Fund tracker Morningstar Inc. estimates that an investor making a $5,000 initial investment and $200 each month for the next 10 years, would pay $374 in fees to buy a low-cost Vanguard S&P 500 index fund that earned a 10 percent annual return.
But making the same investment in an ETF that tracks the S&P 500, at $13 in commissions per trade, would run up $1,801 in costs over the same 10-year period.
“To pay a commission on $100 or $200 every month, an ETF may not be your best investment,” says Carrel, who will be giving a lecture on ETFs at the University at Buffalo School of Management at 5:30 p. m. Monday in Room 122 of Jacobs Hall.
ETFs have steadily gained popularity over the last decade. This year 114 ETFs were launched, with an average market capitalization of just $25 million. By comparison, the biggest and oldest ETF, known by its ticker SPY, which tracks the Standard & Poor’s 500 index, has $79 billion in assets.
In October, ETF trading volume totaled a record $3.3 trillion, or 38 percent of all U. S. stock trading volume, according to National Stock Exchange research.
But at a time when virtually no investments can escape losses, all the big ETF competitors have seen the value of their ETF assets fall sharply along with the markets.
Assets in ETFs were down to about $440 billion in late October from $620 billion at the end of last year, according to a report from Morgan Stanley. But at a time when investors are pulling cash out of stock mutual funds, ETFs saw a net inflow of $100 billion in investor cash through the first 10 months of the year.

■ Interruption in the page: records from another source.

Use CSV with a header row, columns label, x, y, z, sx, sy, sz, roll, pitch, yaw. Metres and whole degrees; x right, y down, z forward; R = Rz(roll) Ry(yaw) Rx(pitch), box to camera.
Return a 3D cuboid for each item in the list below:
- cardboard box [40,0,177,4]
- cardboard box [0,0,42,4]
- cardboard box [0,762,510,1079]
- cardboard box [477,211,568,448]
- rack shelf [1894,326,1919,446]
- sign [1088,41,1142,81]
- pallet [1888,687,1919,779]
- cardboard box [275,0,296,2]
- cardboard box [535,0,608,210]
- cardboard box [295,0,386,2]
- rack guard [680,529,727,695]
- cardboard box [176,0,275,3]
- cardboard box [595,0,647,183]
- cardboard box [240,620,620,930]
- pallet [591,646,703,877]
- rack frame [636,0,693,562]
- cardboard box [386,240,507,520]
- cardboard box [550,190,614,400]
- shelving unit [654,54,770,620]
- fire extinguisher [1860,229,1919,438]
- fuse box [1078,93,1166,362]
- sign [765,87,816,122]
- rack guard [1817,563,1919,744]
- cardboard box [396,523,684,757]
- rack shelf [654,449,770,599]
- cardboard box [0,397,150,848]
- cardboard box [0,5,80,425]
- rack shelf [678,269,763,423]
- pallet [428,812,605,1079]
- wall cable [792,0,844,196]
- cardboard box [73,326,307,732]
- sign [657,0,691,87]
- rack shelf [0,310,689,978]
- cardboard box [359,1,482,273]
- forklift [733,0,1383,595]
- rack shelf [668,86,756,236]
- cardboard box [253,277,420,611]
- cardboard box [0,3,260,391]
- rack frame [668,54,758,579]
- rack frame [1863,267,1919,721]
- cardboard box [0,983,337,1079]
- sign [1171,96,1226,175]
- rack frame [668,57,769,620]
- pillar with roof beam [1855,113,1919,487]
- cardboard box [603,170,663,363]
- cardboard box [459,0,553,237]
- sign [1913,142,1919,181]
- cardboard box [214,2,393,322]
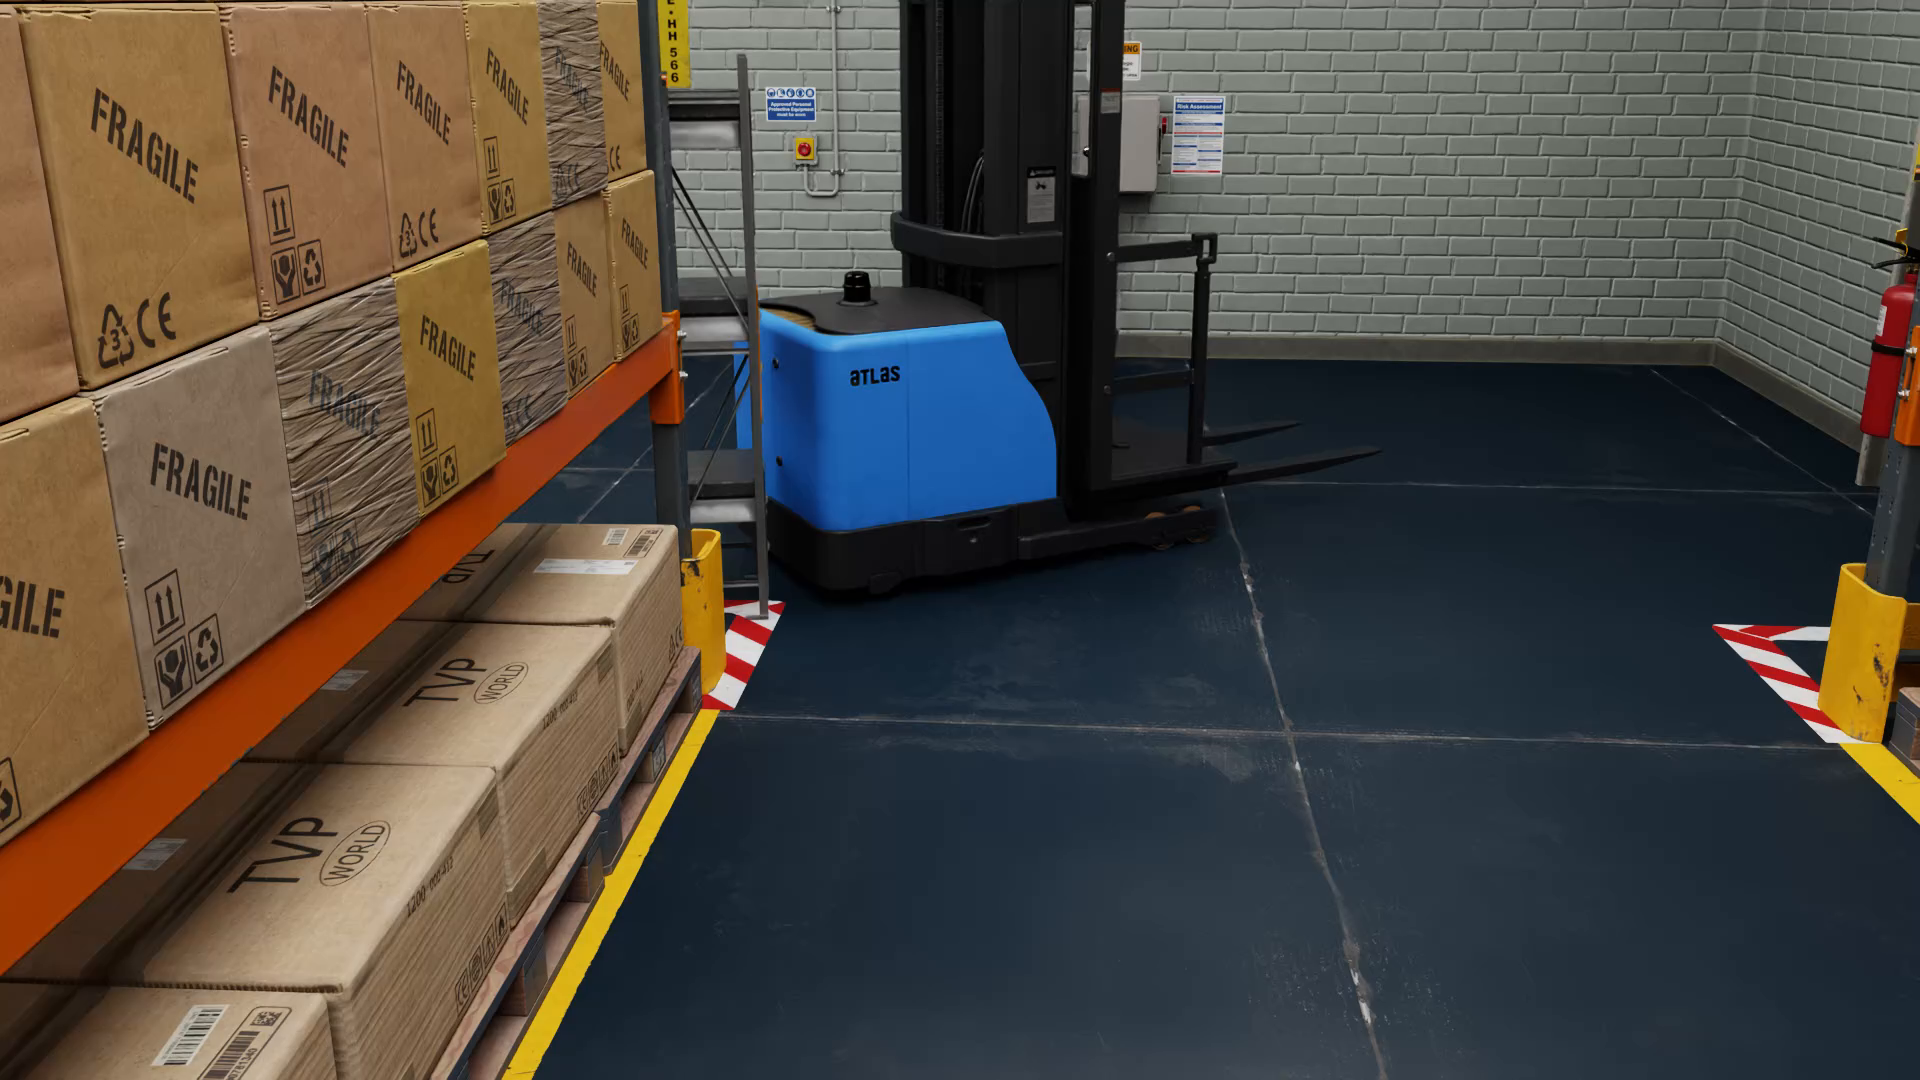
label,x,y,z,sx,sy,sz,roll,pitch,yaw
cardboard box,-1.387,-0.857,2.413,0.380,0.149,0.250,1,18,4
cardboard box,-1.466,-0.781,2.182,0.380,0.149,0.250,1,18,3
cardboard box,-1.511,0.850,3.453,0.875,0.438,0.875,1,18,2
cardboard box,-1.288,-0.516,4.021,0.500,0.500,0.500,2,18,6
rack shelf,3.368,0.133,3.356,1.077,0.370,4.000,1,18,4
sign,0.986,-3.058,10.611,0.339,0.242,0.001,1,18,4
pallet,3.450,0.766,4.746,1.003,0.211,1.213,1,18,4
cardboard box,-1.403,-1.019,2.906,0.380,0.149,0.250,1,18,4
cardboard box,-1.245,-1.145,4.333,0.500,0.500,0.500,1,18,4
cardboard box,-1.317,-1.093,3.135,0.380,0.149,0.250,1,18,4
rack guard,-1.438,0.240,5.886,1.175,0.500,0.348,1,18,4
cardboard box,-1.339,-0.939,2.663,0.380,0.149,0.250,1,18,2
cardboard box,-1.237,-1.308,4.830,0.500,0.500,0.500,2,18,6
cardboard box,-1.444,0.570,4.308,0.875,0.438,0.875,2,18,5
pallet,-1.419,0.635,5.145,1.003,0.211,1.213,1,18,4
rack frame,-1.439,-0.940,5.474,1.000,3.000,0.127,1,18,4
cardboard box,-1.312,-0.356,3.530,0.500,0.500,0.500,2,18,6
cardboard box,-1.261,-0.676,4.509,0.500,0.500,0.500,1,18,3
shelving unit,-0.977,-0.762,6.370,0.431,2.100,0.503,-2,18,-7
fire extinguisher,3.061,-0.672,5.381,0.296,0.674,0.183,1,18,4
fuse box,1.026,-1.987,10.740,0.539,1.711,0.414,1,18,4
sign,-1.102,-2.840,10.840,0.327,0.218,0.001,1,18,4
rack guard,3.506,0.381,5.457,1.175,0.500,0.348,1,18,4
cardboard box,-1.387,0.285,5.176,0.875,0.438,0.875,1,18,2
rack shelf,-0.977,-0.082,6.587,0.431,0.518,0.480,-2,18,-7
cardboard box,-1.431,0.115,2.094,0.500,0.500,0.500,2,18,6
cardboard box,-1.450,-0.363,1.947,0.500,0.500,0.500,1,18,4
rack shelf,-0.977,-0.749,6.374,0.431,0.518,0.480,-2,18,-7
pallet,-1.509,1.013,3.992,1.003,0.211,1.213,1,18,4
wall cable,-1.059,-3.189,10.658,0.585,1.953,0.123,1,18,4
cardboard box,-1.391,-0.041,2.571,0.500,0.500,0.500,1,18,4
sign,-0.899,-1.586,5.207,0.100,0.325,0.005,1,18,4
rack shelf,-1.583,0.023,3.691,1.077,0.370,4.000,1,18,4
cardboard box,-1.321,-0.835,3.388,0.500,0.500,0.500,1,18,4
forklift,0.558,-1.483,7.240,3.031,2.935,1.130,-10,20,-27
rack shelf,-0.978,-1.416,6.161,0.431,0.518,0.480,-2,18,-7
cardboard box,-1.349,-0.196,3.042,0.500,0.500,0.500,1,18,4
cardboard box,-1.408,-0.520,2.425,0.500,0.500,0.500,1,18,3
rack frame,-1.010,-0.836,6.600,0.400,2.100,0.015,-2,18,-7
rack frame,3.512,-0.830,5.140,1.000,3.000,0.127,1,18,4
cardboard box,-1.574,1.128,2.604,0.875,0.438,0.875,1,18,3
sign,1.534,-2.608,10.717,0.329,0.494,0.001,1,18,4
rack frame,-0.945,-0.689,6.139,0.400,2.100,0.015,-2,18,-7
pillar with roof beam,0.310,-4.595,6.993,9.100,9.000,0.400,1,18,4
cardboard box,-1.210,-0.832,4.984,0.500,0.500,0.500,1,18,4
cardboard box,-1.283,-0.991,3.864,0.500,0.500,0.500,1,18,4
sign,2.970,-1.254,5.042,0.100,0.325,0.005,1,18,4
cardboard box,-1.360,-0.678,2.910,0.500,0.500,0.500,2,18,5

ETF advocates expect money will continue flowing into the ETF market as a whole. But some believe most of that money will go to well-established ETFs reflecting broad market indexes, rather than higher-risk, narrowly targeted ETFs mimicking the performance of a single industry, overseas market or commodity. For example, investors these days can choose among ETFs that focus on alternative energy stocks, or gold, or South African stocks.
Of the 716 ETFs that Morgan Stanley now counts in the U. S. marketplace, just over one-fifth mirror specific sectors or industries.
As for who sponsors ETFs, Morgan Stanley found that Barclays Global Investors holds a 47 percent market share based on ETF assets, with State Street Global Advisors second at nearly 27 percent. Vanguard, which has recently seen strong flows of money into its ETFs, ranks third at 8 percent.
“Vanguard has been gaining market share rapidly by racing to the bottom in expenses,” said Dan Dolan, who runs State Street Global Advisors’ Select Sector SPDRs, a group of nine ETFs that that divide the Standard & Poor’s 500 into broad sector index funds.